Pathological Human Brain Rhythms

Look at the image of brain activity from a child at the start of an epileptic seizure. It shows 4 seconds of evolution of the first 10 channels of a seizure rhythm at sampling rate sr=1024.

PYTHON

path = 'data/P1_Seizure1.csv'

data = read_csv(path, delimiter=r"\s+")

data_P1 = data.to_numpy()

sr = 1024

period = 4

channels = 10

plot_series(data_P1[:sr*period, :channels], sr);

show()

Using the code utilised in this lesson, import the data from the file P1_Seizure1.csv and generate an overview of uni- and multivariate features in the following form:

1. Pick the first two seconds of the recording as background, and the last two seconds as epileptic seizure rhythm. Use the first ten channels of data, in both cases. Using the shape attribute, the data should give a tuple of (2048, 10).

2. Filter the data to get rid of frequencies below 1 Hz and frequencies faster than 20 Hz.

3. Plot time series for both.

4. Fourier Transform both filtered datasets and display the Fourier spectra of the first 4 channels. What are the strongest frequencies in each of the two datasets?

5. Plot the correlation matrices of both datasets.

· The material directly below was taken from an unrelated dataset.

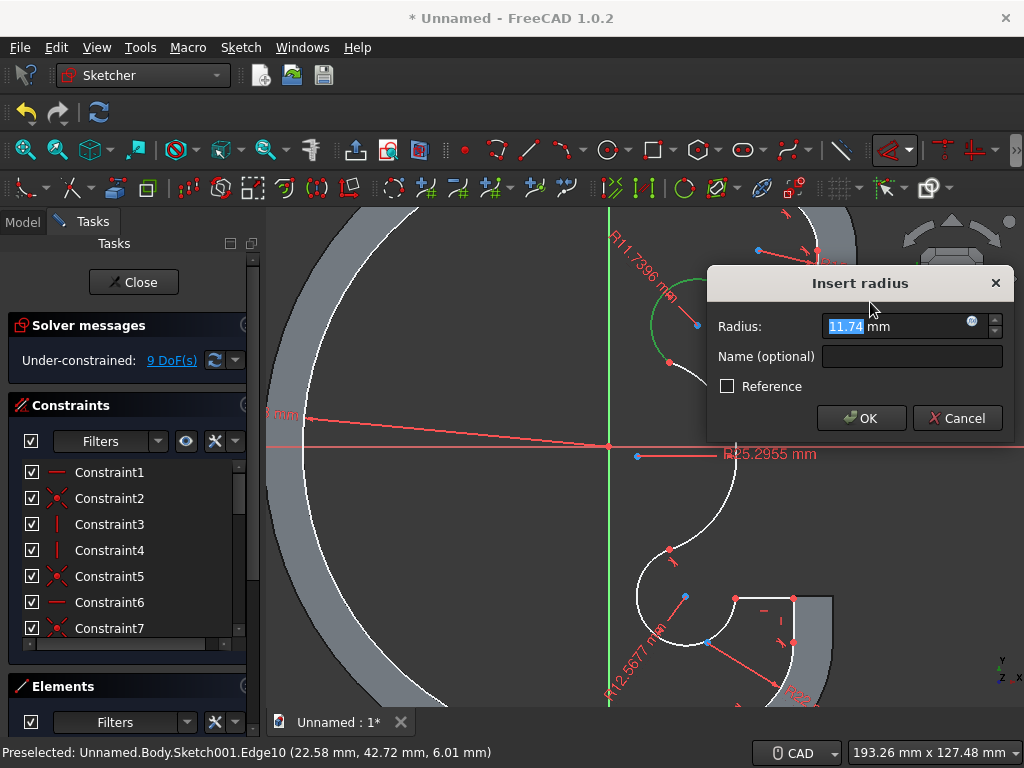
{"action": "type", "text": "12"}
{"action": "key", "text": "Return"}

Which channels show the strongest change in correlations?

Solutions will be provided once the submitted assignments are marked and returned.

Key Points

• plot_series is a Python function we defined to display multiple time series plots.
• Data filtering is applied to remove specific and irrelevant components.
• The Fourier spectrum decomposes the time series into a sum of sine waves.
• Cross-correlation matrices are used for multivariate analysis.